Zum anderen beschreibt sie einen Antagonismus von Sexualität und Kultur: Die Entstehung und das Bestehen der Gesellschaft sei erst durch Triebunterdrückung möglich. Dies erfordere die Unterdrückung der Sexualität sowohl auf individueller als auch auf gesellschaftlicher Ebene. In ihrer Rolle als Gegenspielerin der Sexualität beschreibt Freud die Kultur als handelndes Subjekt, das eigene Interessen verfolgt. 2.1 Darstellung Zu Beginn von Das Unbehagen in der Kultur widmet sich Freud der Religiosität, wie sie der Schriftsteller Romain Rolland beschrieben hatte: Als ein Gefühl [ ] von etwas [ ] Ozeanischem (Freud 1930, S. 422). Die hier beschriebene Macht ist alleine vom individuellen Streben nach Glück geprägt, somit eine narzisstische. Dieser Form der Macht widmet er sich jedoch nur zu Beginn seines Werks. Im Folgenden geht er über zu einem repressiven Machtbegriff. 2.1.1 Natürlichkeit der Sexualität Freud entwirft den Menschen als ein mit zwei Grundtrieben ausgestattetes Wesen: Dem Liebes- und dem Todestrieb. Der einzelne Mensch strebe primär nach Triebbefriedigung. Erst durch das Bilden einer Gemeinschaft beschränkten sich die Mitglieder dieser Gemeinschaft in ihrer Triebbefriedigung. Dies bezeichnet Freud als entscheidende[n] kulturelle[n] Schritt (Freud 1930, S. 455). Jedoch gehe ein Mensch nie vollkommen in der Gemeinschaft auf, vielmehr verteidige er zeit seines Lebens seine individuelle Freiheit gegen den Willen der Masse (a. a. O., S. 456). Freud verweist auf die Bezeichnung Analcharakter (ebd.) für einen ordnungsliebenden, sparsamen und reinlichen Menschen. Da diese Eigenschaften als Kulturansprüche (a. a.
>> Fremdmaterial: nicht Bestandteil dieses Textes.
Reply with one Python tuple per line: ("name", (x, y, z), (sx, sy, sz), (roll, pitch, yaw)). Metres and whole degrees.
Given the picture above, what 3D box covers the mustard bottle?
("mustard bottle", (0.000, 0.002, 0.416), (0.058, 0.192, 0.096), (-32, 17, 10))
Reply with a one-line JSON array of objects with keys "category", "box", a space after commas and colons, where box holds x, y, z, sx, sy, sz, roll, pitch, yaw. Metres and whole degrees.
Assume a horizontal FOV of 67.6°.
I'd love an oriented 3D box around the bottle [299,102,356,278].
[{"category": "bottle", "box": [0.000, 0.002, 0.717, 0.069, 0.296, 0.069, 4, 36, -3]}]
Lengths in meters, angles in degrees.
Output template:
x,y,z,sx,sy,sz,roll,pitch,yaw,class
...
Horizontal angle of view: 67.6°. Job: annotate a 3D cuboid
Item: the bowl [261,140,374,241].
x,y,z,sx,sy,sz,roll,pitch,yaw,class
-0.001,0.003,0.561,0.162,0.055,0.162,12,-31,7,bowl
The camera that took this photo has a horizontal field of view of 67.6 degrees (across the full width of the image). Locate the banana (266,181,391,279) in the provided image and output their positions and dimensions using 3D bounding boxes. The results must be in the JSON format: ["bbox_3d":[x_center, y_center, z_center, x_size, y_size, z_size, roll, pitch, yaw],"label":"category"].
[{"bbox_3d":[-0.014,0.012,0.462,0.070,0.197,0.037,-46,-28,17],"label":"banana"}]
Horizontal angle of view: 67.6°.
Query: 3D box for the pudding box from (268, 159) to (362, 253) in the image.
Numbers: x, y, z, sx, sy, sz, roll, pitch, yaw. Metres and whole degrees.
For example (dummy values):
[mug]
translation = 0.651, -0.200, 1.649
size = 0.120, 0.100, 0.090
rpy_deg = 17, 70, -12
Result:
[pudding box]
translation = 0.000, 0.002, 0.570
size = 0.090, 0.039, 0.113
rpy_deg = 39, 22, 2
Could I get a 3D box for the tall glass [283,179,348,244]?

O., S. 457) gälten, obwohl sie keines der beiden Ziele der Kultur verfolgten (Kultur als etwas, das den Menschen vor der Natur schützt und das menschliche Zusammenleben regelt), diagnostiziert er eine Parallelität von kultureller Entwicklung und Libidoentwicklung. 2.1.2 Der Antagonismus von Kultur und Sexualität Die Kultur erfordere nicht nur eine Sublimierung der Triebe, sondern habe die Unterdrückung der Triebe zur Voraussetzung. Diese Kulturversagung (a. a. O., S. 457) ist Kern der Repressionshypothese, die Freud hier umreißt.